Records drawn from a dataset

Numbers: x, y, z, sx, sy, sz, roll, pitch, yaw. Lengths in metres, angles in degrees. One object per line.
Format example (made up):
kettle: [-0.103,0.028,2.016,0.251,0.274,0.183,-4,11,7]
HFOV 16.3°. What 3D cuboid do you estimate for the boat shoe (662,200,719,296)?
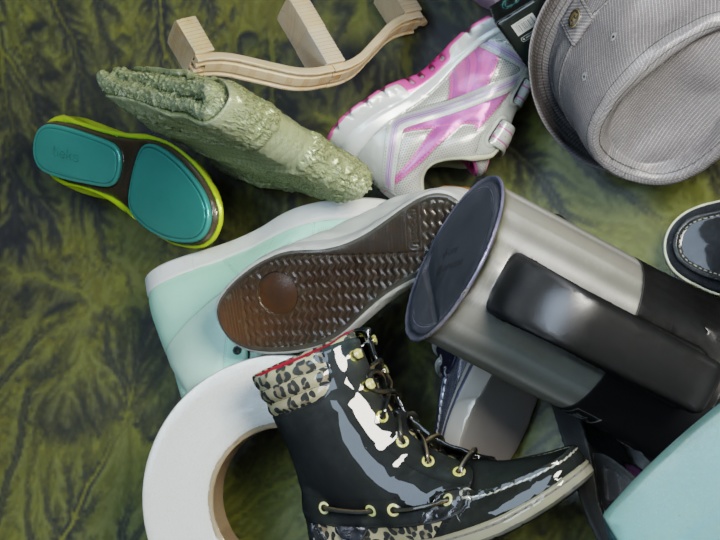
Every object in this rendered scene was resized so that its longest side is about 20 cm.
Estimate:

◆ Work instruction ◆
Go through the data above and find the lines with the word "object". Copy each of those lines.

◆ Solution to this task ◆
Numbers: x, y, z, sx, sy, sz, roll, pitch, yaw. Lengths in metres, angles in degrees. One object per line.
Every object in this rendered scene was resized so that its longest side is about 20 cm.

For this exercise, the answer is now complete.